Amendments To The Master Direction On Risk Management And Inter-Bank Dealings Issued By The Reserve Bank Of India (RBI) On May 3, 2024

Posted On - 11 June, 2024 • By - Harish Kungnavur

The Master Direction of Risk Management and Inter-Bank Dealings was implemented on July 5, 2016 to lay down the modalities as to how the foreign exchange business has to be conducted by the Authorized Persons (as recognized under Section 10 and 11 of the Foreign Exchange Management Act, 1999) with their customers/constituents with a view to implementing the regulations framed. These Master Directions were recently amended on May 3, 2024 to include Standalone Primary Dealers as the Authorized Persons under Section 10 and 11 of the Foreign Exchange Management Act, 1999. Following are the major amendments to the Master Direction:

Compliance with Master Directions:

AD Category-I banks must comply with the Master Direction – Reserve Bank of India (Financial Services provided by Banks) Directions, 2016, which was issued on May 26, 2016, and updated periodically while participating in ETCD market. Standalone Primary Dealers (SPDs) are now authorized as AD Category-III and must comply with the Master Direction – Standalone Primary Dealers (Reserve Bank) Directions, 2016, issued on August 23, 2016, and updated periodically.
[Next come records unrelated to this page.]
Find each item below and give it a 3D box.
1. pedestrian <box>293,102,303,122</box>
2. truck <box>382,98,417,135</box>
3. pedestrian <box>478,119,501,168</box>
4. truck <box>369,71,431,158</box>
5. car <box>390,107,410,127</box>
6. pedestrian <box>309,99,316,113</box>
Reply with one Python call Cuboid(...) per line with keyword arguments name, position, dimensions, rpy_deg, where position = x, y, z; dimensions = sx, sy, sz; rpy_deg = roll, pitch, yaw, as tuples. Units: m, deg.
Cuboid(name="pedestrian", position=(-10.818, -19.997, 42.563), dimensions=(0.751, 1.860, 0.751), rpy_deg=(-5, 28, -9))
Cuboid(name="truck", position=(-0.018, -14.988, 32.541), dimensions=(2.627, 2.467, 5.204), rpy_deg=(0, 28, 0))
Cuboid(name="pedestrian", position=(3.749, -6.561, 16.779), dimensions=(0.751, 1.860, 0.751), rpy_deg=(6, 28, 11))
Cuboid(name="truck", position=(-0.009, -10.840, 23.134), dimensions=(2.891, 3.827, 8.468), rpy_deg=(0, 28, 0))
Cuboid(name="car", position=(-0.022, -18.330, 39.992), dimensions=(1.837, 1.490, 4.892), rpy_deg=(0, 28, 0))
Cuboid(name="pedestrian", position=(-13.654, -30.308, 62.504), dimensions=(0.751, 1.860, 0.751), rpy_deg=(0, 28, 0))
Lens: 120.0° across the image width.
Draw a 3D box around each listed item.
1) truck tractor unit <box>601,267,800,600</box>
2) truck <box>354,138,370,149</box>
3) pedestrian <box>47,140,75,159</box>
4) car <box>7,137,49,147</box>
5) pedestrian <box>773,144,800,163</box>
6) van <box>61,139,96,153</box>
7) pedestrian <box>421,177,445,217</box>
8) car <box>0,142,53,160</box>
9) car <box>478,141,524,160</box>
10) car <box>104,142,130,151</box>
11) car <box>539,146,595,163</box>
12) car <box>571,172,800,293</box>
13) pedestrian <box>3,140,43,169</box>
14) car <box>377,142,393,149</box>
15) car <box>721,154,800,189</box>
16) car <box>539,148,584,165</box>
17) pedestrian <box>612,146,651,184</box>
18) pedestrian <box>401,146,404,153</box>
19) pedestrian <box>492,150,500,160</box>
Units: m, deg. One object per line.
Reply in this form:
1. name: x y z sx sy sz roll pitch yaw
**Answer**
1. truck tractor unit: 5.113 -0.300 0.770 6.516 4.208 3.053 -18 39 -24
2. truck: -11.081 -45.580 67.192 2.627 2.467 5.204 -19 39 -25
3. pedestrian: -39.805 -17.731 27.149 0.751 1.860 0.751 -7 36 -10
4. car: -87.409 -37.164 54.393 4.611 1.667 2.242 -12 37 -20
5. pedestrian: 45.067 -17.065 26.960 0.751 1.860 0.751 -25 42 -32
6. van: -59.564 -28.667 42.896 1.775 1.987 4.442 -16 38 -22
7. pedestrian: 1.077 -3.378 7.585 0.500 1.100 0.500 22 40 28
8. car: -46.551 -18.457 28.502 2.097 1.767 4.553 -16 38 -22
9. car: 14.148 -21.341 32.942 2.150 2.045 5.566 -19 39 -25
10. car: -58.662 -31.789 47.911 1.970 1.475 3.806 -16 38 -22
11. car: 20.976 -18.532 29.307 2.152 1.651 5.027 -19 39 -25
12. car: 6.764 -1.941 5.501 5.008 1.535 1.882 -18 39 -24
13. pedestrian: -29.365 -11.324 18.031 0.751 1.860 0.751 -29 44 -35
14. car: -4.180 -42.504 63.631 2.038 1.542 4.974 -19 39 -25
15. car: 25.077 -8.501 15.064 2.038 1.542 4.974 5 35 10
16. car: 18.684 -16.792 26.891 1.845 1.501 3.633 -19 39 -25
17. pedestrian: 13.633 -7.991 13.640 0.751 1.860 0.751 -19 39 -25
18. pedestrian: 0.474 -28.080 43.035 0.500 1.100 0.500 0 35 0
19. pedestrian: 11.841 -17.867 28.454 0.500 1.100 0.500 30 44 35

Borrowing in Foreign Currency by SPDs:

SPDs can borrow in foreign currency from their parent company, a correspondent outside India, or other entities permitted by the Reserve Bank of India (RBI). They can also avail overdrafts in nostro accounts for operational reasons, provided these overdrafts are not adjusted within five days. Such borrowings must stay within the foreign currency borrowing limits prescribed in the aforementioned Master Direction for SPDs dated August 23, 2016.

Net Overnight Open Position Limit (NOOPL):

NOOPL for Authorized Dealers must be set by their respective boards and communicated to the RBI immediately through the Centralised Information Management System (CIMS) or email. These limits should not exceed 25% of the total capital (Tier I and Tier II) of the Authorized Dealer.

Aggregate Gap Limit (AGL):

AGL for Authorized Dealers must be set by their respective boards and communicated to the RBI immediately through CIMS or email. These limits should not exceed 6 times the total capital (Tier I and Tier II) of the Authorized Dealer.